• **WORK INSTRUCTIONS**:
Filter out all lines without the word "boxes" from the data below, please, and copy the rest.

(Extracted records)
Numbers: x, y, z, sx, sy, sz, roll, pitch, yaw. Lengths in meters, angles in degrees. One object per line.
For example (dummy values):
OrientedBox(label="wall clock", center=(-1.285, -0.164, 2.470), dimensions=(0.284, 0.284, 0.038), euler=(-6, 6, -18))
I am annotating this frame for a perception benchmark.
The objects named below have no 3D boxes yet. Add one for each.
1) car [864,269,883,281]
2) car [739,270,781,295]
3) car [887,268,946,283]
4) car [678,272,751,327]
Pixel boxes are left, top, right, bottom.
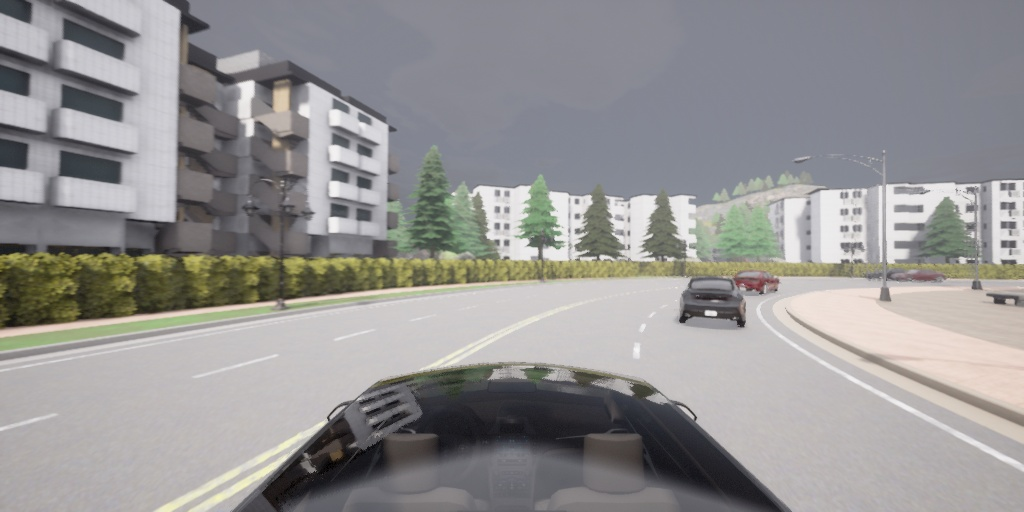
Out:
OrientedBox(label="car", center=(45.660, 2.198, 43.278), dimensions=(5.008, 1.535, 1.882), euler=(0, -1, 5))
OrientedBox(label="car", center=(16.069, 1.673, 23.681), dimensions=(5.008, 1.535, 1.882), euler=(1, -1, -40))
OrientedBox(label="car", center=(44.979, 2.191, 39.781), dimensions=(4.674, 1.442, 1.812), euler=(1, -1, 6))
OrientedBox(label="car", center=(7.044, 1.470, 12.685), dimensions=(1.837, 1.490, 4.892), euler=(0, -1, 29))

• **PROBLEM SOLUTION**:
The objects named below have no 3D boxes yet. Add one for each.
Pixel boxes are left, top, right, bottom.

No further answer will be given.